Sempre que um doente tem alta, vemos partir com ele um cortejo de familiares que estavam por ali, acantonados nas imediações, acompanhando-o pelo tempo que fosse necessário, à espera das melhoras...
(Gilé, Zambézia)

(...continuando a história que começou aqui...)

– Mas eles não sabem que a lepra tem cura?
– Claro que não! Para eles nem sequer é uma doença. Para eles é um castigo que vem dos antepassados.
– Começo a ficar cansada desta “tradição”!
– Então nós que já cá estamos há tantos anos… nem nos diga nada. Mas temos de os respeitar. Isto é uma outra religião completamente diferente. Não estamos aqui para impor nada, só queremos ajudar as pessoas.
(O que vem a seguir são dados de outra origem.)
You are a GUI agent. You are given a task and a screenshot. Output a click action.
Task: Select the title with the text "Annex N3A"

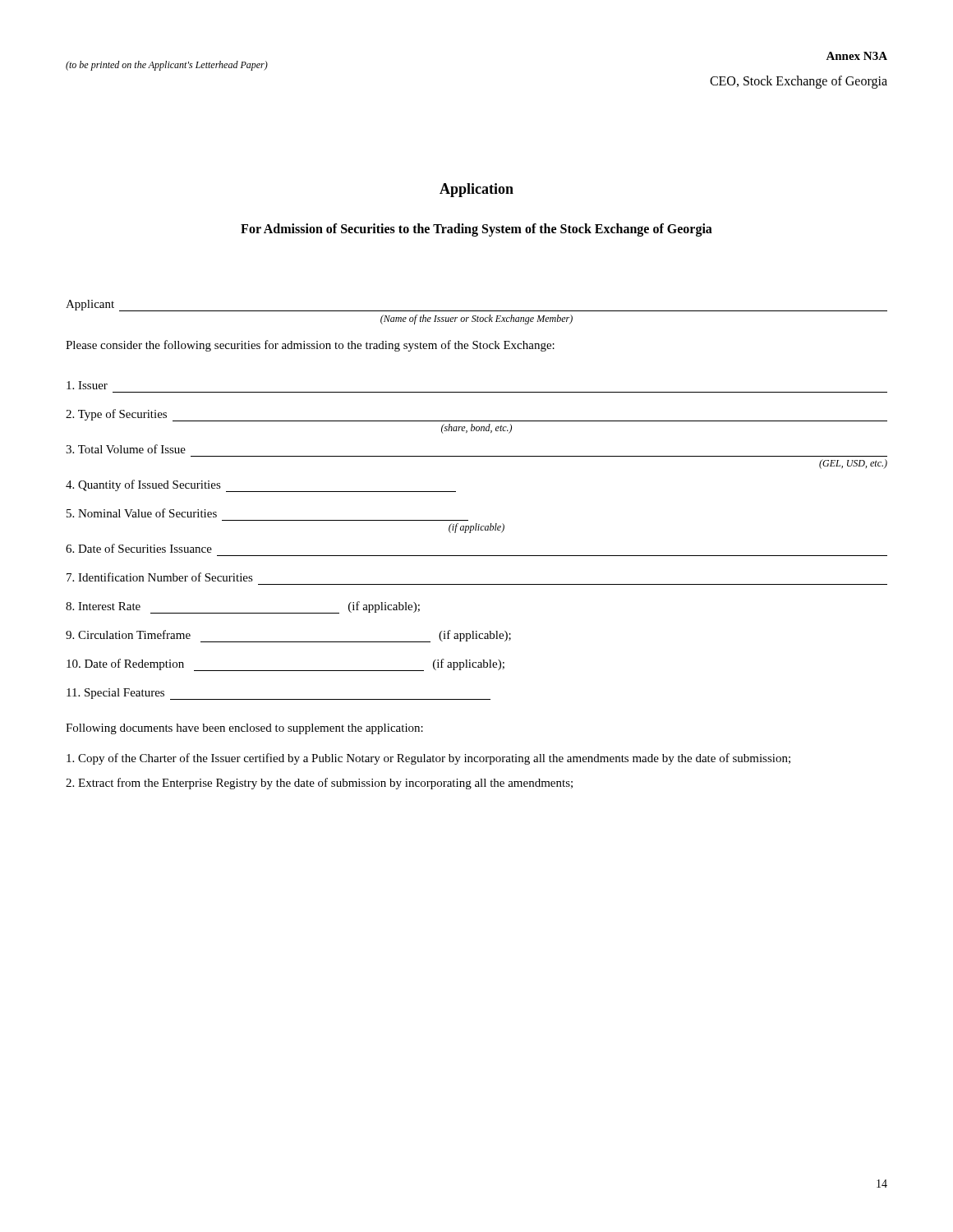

– Outra religião? Mas os pais da Inês são católicos… ou não?
– Sim, são católicos. E praticantes. Mas isto é uma outra dimensão da espiritualidade. Uma outra dimensão que nós não temos. E que nem sequer compreendemos totalmente. Para os entendermos temos de perceber que cada família tem a sua religião. Cada família tem a sua história, os seus mortos e os seus ancestrais. Eles têm um Deus, que chamam de Muluku e a quem rezam na missa e em casa. Mas Deus para eles está muito longe. Nesta cultura quem os protege dos problemas do dia a dia não é Deus. Por mais que as tentemos fazer acreditar que sim, que Deus é amor e que vela por eles.
– Então porque é que rezam?
– Não sei muito bem, mas penso que rezam pela mesma razão que os meninos vão à escola. Porque têm esperança que um dia, num futuro longínquo, isso lhes vá trazer uma vida melhor. Mas para as coisas do dia a dia não contam com Deus.
– Então?
– Há intermediários entre Deus e as pessoas, que são os antepassados, os mortos da família. Cada família tem os seus antepassados. E por isso, cada família tem uma maneira de ver Muluku que é diferente das outras porque é influenciada pelo carácter dos seus defuntos e pela história da família. E por isso também compreendem que outras famílias tenham ideias diferentes e uma visão diferente do mundo. Acaba por ser uma espiritualidade muito tolerante nas diferenças e há muito respeito entre as pessoas…
– Isso é bonito…
– É muito bonito. É uma espiritualidade muito intensa e que dá um sentido muito forte de família e de união. Um sentido de continuidade e coerência entre as famílias. Nunca viu uma pessoa sozinha no hospital, pois não? Estão sempre muitas pessoas de família a acompanhá-la na doença.
– Sim, é verdade, nunca estão sozinhos. Estão sempre irmãos, tios, pais…
– Sim. Quando acompanham a família na doença, ou nos ritos de passagem, ou nos funerais, isso não é só solidariedade, não é só porque é correcto e é importante para o outro. Também é, claro, não duvido que o fazem porque é importante para o outro e porque querem estar presentes, mas é também uma manifestação da espiritualidade deste povo. São valores muito bonitos.
– Sim, é verdade, chega a ser comovente…
– Mas não é fácil aceitar que essa mesma espiritualidade tenha tantos mitos e tantos tabus que os impedem de viver a sua vida e andar para a frente.
– Pois… é isso mesmo… O tio da Inês estava mesmo convencido de que ela está doente porque eles não cumpriram bem o rito do funeral do tio mais novo, que morreu há poucos meses. Parece que faltava um dia para acabar quando uma tempestade destruiu a casa onde estavam e eles tiveram de se vir embora…
– Meus Deus, que desgraça… que sofrimento… e o que tem a menina?
– Acho que tem psoríase. Mas ainda não a vi, não tenho a certeza…
– Ai, credo, que doença para se ter aqui. Mas olhe que se calhar não a vai conseguir tratar… Aqui não há muitos medicamentos.
– Nem nas farmácias privadas?
– É uma doença rara. Duvido que tenham alguma coisa, mas pode sempre tentar…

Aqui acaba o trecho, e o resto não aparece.